See the task documentation for the full sidecar workflow, and examples/tasks/sidecar-artifacts for a working example.
How collection works
Artifact collection runs after the agent finishes. It is best-effort -- failures to collect an artifact will never cause the trial to fail (the failure is recorded in the manifest instead).
The collection process:
- Main collect hooks:
[[verifier.collect]]entries targetingmainrun while the agent container is still up. - Main artifacts: The convention directory and main-targeted config paths are collected.
- Main stop (separate verifier mode only): the main service is stopped so agent processes cannot interfere with sidecar evidence.
- Sidecar collect hooks:
[[verifier.collect]]entries targeting sidecars run. - Sidecar artifacts: Sidecar-targeted paths are pulled from each service's filesystem.
- Manifest: A
manifest.jsonfile is written to the artifacts directory listing what was collected, from which service, and whether collection succeeded.
Output structure
After collection, the trial directory contains:
<trial_dir>/
├── artifacts/ # One flat base dir shared by all services
│ ├── manifest.json # Collection manifest
│ ├── logs/artifacts/ # The convention directory (from main)
│ │ └── output.txt
│ ├── app/hello.txt # Config-driven artifact (source-mirrored)
│ ├── var/log/api/requests.log # Sidecar artifact (from the `api` service)
│ └── workspace/hello.txt # Config-driven artifact with a destination
├── agent/
├── verifier/
├── config.json
└── result.jsonAll services' artifacts share this one base dir, keyed only by their source
path. If two services export the same path they collide on the host; collection
keeps the first claimant and logs a warning (it never overwrites), recording the
skipped entry with status: "skipped" in the manifest.
The manifest tracks each artifact's source, destination, originating service, type (file or directory), and whether collection succeeded:
[
{
"source": "/logs/artifacts",
"destination": "artifacts/logs/artifacts",
"type": "directory",
"status": "ok",
"service": null
},
{
"source": "/var/log/api/requests.log",
"destination": "artifacts/var/log/api/requests.log",
"type": "file",
"status": "ok",
"service": "api"
}
]Viewing artifacts
Artifacts are viewable in the Harbor results viewer. Run harbor view and navigate to a trial to see collected artifacts under the Artifacts tab.
Environment support
Artifact collection works across all environment types.
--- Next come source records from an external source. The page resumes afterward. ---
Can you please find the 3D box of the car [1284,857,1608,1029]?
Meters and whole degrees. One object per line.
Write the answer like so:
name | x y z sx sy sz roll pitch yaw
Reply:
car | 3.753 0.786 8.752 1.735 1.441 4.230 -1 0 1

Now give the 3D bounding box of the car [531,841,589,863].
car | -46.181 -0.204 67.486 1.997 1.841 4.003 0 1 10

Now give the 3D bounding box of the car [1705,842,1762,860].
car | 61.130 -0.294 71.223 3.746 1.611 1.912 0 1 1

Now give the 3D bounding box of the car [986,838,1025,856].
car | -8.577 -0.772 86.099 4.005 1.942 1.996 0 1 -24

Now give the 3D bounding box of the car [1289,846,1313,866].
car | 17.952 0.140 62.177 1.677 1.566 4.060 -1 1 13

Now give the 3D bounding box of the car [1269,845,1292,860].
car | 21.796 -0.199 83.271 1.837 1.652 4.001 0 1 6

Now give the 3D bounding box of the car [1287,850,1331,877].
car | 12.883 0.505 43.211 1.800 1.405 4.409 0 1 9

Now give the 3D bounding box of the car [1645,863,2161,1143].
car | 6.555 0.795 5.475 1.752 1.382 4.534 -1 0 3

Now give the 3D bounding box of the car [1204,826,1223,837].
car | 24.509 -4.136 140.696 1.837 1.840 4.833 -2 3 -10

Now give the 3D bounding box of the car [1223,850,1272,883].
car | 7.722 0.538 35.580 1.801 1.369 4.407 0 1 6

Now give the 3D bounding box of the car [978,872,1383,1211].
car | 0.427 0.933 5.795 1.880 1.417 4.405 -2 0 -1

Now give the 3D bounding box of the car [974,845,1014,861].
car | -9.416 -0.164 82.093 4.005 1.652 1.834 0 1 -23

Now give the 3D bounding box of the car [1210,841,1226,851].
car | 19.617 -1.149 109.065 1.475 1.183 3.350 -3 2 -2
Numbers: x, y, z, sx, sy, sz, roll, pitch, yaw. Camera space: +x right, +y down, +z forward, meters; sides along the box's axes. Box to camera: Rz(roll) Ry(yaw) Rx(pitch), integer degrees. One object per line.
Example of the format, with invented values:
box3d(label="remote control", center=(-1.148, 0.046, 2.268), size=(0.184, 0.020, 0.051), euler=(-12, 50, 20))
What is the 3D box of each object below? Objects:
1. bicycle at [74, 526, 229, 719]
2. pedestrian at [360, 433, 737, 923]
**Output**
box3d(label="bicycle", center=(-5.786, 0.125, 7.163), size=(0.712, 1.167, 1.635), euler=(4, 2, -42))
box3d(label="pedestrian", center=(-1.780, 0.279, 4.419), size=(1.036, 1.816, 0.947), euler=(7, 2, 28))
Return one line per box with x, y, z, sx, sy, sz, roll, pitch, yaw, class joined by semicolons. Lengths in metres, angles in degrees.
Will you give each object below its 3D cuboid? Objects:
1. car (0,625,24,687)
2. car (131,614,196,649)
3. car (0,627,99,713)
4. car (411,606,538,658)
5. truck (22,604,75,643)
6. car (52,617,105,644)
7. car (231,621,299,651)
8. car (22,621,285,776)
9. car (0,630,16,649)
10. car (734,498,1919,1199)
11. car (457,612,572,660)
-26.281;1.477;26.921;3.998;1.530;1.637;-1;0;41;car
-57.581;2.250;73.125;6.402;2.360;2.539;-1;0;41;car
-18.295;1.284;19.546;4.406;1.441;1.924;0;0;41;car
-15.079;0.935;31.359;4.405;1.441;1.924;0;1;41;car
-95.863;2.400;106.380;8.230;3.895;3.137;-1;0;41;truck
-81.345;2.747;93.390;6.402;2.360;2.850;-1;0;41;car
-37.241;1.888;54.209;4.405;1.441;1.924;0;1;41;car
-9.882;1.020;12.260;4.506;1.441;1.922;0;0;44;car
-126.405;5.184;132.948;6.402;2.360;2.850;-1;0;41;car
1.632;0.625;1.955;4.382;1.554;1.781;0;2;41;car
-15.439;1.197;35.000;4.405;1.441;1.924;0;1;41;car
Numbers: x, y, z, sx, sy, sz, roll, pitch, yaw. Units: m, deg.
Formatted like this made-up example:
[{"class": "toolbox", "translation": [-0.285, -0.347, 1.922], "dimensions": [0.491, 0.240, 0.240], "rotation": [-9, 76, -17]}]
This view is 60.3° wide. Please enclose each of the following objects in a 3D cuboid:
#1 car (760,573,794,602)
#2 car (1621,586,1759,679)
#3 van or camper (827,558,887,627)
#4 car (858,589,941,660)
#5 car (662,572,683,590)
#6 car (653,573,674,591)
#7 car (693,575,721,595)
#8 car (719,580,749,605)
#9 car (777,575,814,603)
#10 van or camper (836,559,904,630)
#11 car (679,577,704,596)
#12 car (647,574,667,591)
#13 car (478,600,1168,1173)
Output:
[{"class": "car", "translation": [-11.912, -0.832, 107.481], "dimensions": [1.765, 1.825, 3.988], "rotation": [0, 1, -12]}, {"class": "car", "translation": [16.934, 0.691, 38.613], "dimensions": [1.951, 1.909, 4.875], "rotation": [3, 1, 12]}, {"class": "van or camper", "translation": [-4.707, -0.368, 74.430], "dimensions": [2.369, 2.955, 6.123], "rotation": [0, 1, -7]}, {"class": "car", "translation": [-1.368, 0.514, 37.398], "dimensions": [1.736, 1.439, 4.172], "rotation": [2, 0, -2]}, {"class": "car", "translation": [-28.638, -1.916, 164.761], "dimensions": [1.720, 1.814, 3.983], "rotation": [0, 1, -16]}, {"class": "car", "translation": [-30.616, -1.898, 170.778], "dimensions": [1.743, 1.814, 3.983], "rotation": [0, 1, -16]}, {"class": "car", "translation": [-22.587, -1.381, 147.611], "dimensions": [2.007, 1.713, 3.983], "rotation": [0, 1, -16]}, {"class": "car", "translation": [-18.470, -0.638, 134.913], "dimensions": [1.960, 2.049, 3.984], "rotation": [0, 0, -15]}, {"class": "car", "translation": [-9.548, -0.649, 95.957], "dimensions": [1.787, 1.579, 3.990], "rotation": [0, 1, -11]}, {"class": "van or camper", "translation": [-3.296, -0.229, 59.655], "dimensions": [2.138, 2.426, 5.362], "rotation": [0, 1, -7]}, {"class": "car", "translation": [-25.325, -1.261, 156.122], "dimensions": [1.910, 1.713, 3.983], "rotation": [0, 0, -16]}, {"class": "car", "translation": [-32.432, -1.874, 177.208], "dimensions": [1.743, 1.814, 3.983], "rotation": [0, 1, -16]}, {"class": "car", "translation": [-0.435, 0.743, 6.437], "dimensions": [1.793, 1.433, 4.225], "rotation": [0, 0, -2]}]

Sidecar artifacts and collect hooks additionally require a Docker Compose-capable provider:
| Environment | Convention directory | Config-driven paths | Sidecar artifacts & collect hooks |
|---|---|---|---|
| Docker | Volume-mounted (no download needed) | Downloaded after trial | Supported |
| Daytona | Downloaded after trial | Downloaded after trial | Supported (compose tasks) |
| Modal | Downloaded after trial | Downloaded after trial | Supported (compose tasks) |
| E2B | Downloaded after trial | Downloaded after trial | Not supported (no compose) |
| Tensorlake | Downloaded after trial | Downloaded after trial | Not supported (no compose) |
Tasks that declare sidecar artifacts or collect hooks on a provider without compose support fail at trial start with a clear error.